I have seen this statement: The dual space $C^{*}\left[a,b\right]$ of $C\left[a,b\right]$ is isometrically isomorphic to $BV_{0}\left[a,b\right]$. where $$BV_{0}\left[a,b\right]=\left\{ \alpha\in BV\left[a,b\right]|\alpha\left(a\right)=0,\alpha\text{ right-continuous on}\left(a,b\right)\right\} $$
Now I want to show:
For $T\in C^{*}\left[a,b\right]$, if there exists a $\alpha\in BV_{0}\left[a,b\right]$ such that $T=T_{\alpha}$. That is, $$T\left(f\right)=T_{\alpha}\left(f\right)=\int_{a}^{b}fd\alpha$$
for all $f\in C\left[a,b\right]$. then $\left\Vert T\right\Vert =T_{a}^{b}\left(\alpha\right)$. And if there exists $\alpha,\beta\in BV_{0}\left[a,b\right]$ such that $T=T_{\alpha}=T_{\beta}$. Then $\alpha=\beta$ on $\left[a,b\right]$.
I have prove that $\left\Vert T_{\alpha}\right\Vert \le T_{a}^{b}\left(\alpha\right)$, but I have trouble proving $\left\Vert T_{\alpha}\right\Vert \geq T_{a}^{b}\left(\alpha\right)$ and the uniqueness, could anyone give some help?

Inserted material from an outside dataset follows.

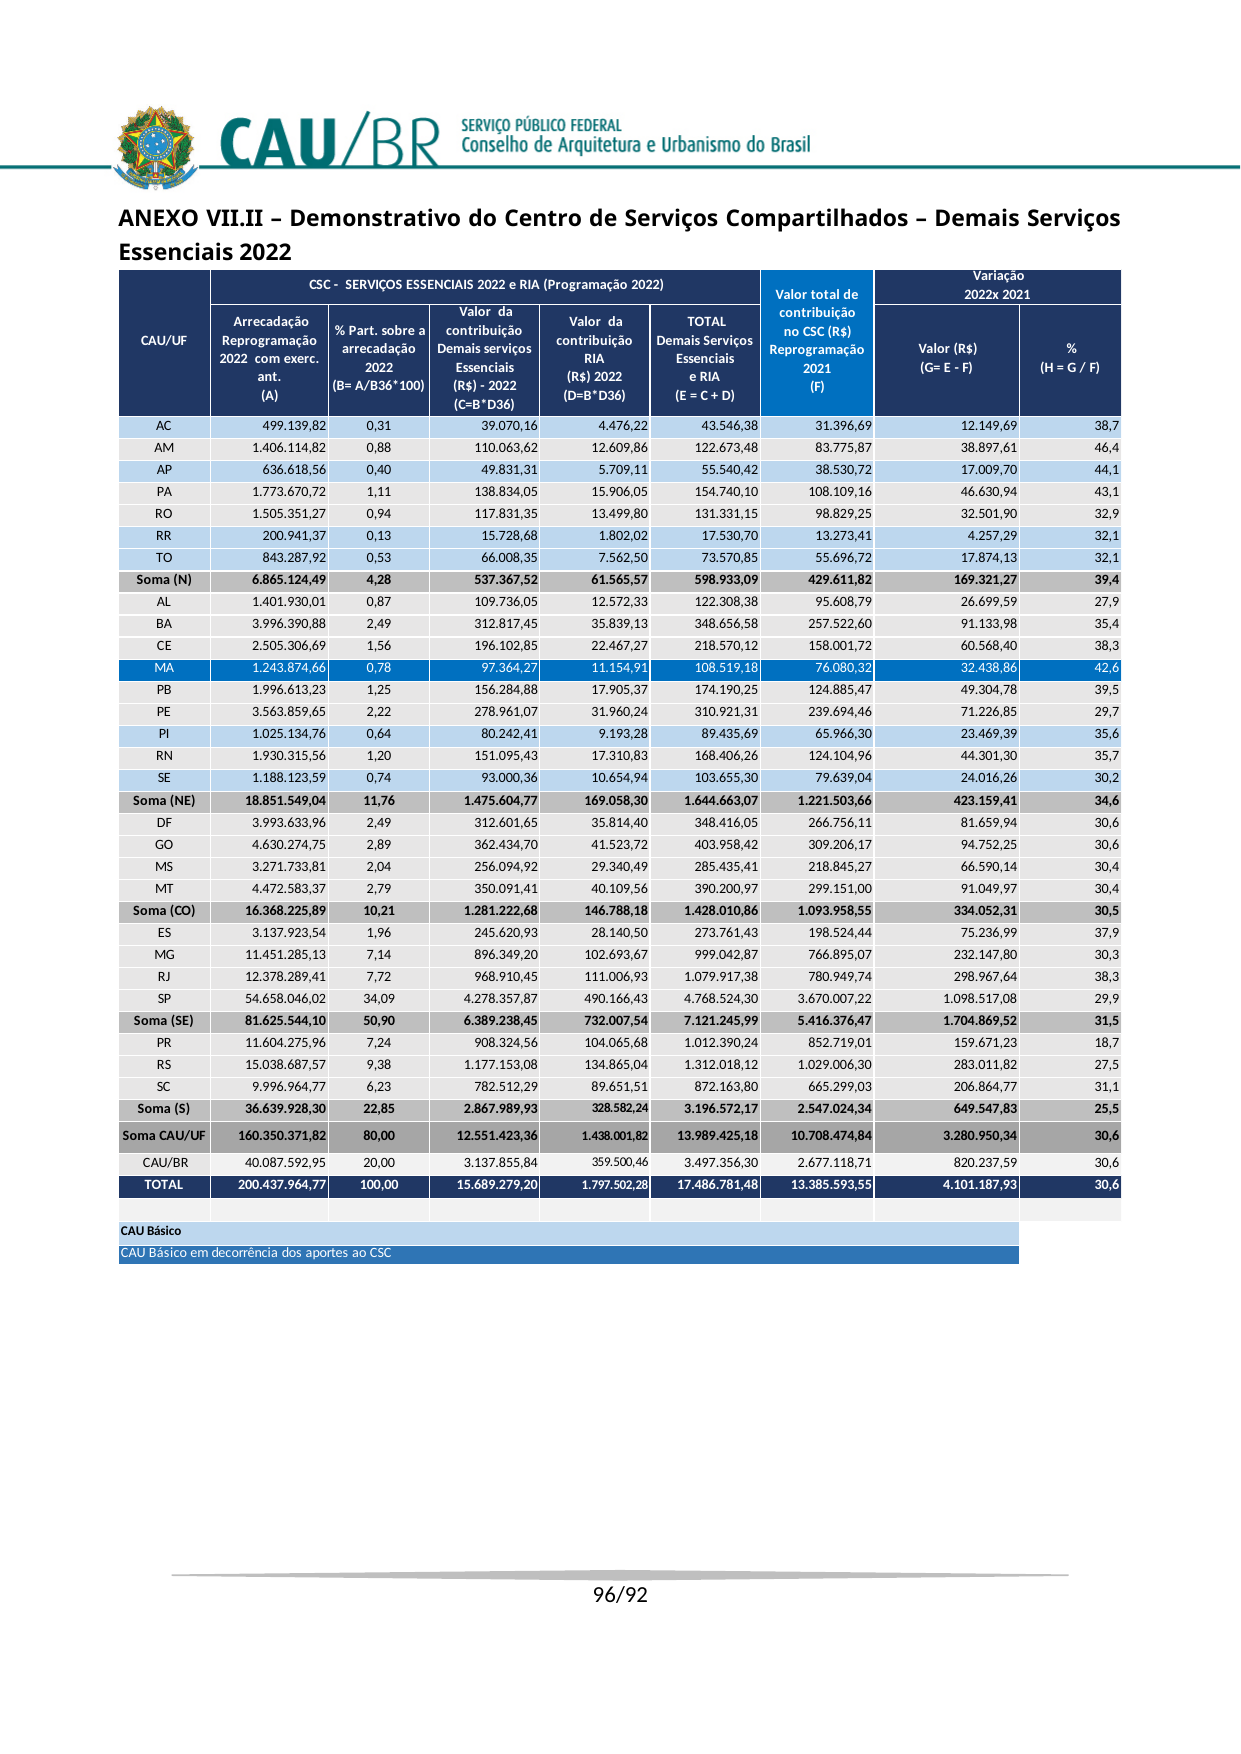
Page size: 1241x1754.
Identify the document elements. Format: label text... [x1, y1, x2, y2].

If you start with $T \in C[a,b]^*$, then you can extend $T$ to $S \in L^{\infty}[a,b]* $ in such a way that $\|S\| = \|T\|$. Then $S$ is defined on step functions such as $\chi_{[a,b]}$ and $\chi_{[a,b)}$, etc.. For any positive integer $N$, let $$ x_0 = a, \; x_1 = a+\frac{b-a}{N}, x_2=a+2\frac{b-a}{N},\cdots, x_N=b. $$ For any $f\in C[a,b]$ define $f_N$ to be $$ f_N = f(x_0)\chi_{[x_0,x_1)}+f(x_1)\chi_{[x_1,x_2)}+\cdots+f(x_{N-1})\chi_{[x_{N-1},x_N]}. $$ Then $f_N\rightarrow f$ in $L^{\infty}[a,b]$ as $N\rightarrow\infty$ because $f\in C[a,b]$. Define $\alpha(t)=S(\chi_{[a,t)})$ for $a \le t < b$ and let $\alpha(b)=S(1)$. Then $\alpha$ is of bounded variation and there are unimodular constants $c_n$ such that $$ \sum_{n=1}^{N}|\alpha(t_n)-\alpha(t_{n-1})|=\sum_{n=1}^{N-1}c_nS(\chi_{[t_{n-1},t_n)})+c_NS(\chi_{[t_{N-1},t_{N}]}) \\ = S\left(\sum_{n=1}^{N-1}c_n\chi_{[t_{n-1},t_{n})}+C_N\chi_{[t_{N-1},t_N]}\right) $$ Therefore, $$ \sum_{n=1}^{N}|\alpha(t_n)-\alpha(t_{n-1})| \le \|S\|=\|T\|. $$ So $\alpha$ is of bounded variation and $V_{a}^{b}(\alpha) \le \|T\|$. Furthermore, $$ T(f)=\lim_{N} S(f_N)=\lim_N \sum_{n=1}^{N}f(x_n)\Delta\alpha_n = \int_{a}^{b}f(t)d\alpha(t) \\ |T(f)| \le \|f\|_{C[a,b]}V_{a}^{b}(\alpha) \\ \|T\| \le V_{a}^{b}(\alpha). $$ So $\|T\|=V_a^b(\alpha)$. Modiffying $\alpha$ to be left- or right-continuous will not increase its variation, or the representation of $T(f)=\int_{a}^{b}fd\alpha$. So it still follows that $\|T\|=V_a^b(\tilde{\alpha})$, where $\tilde{\alpha}$ is left- or right- continuous.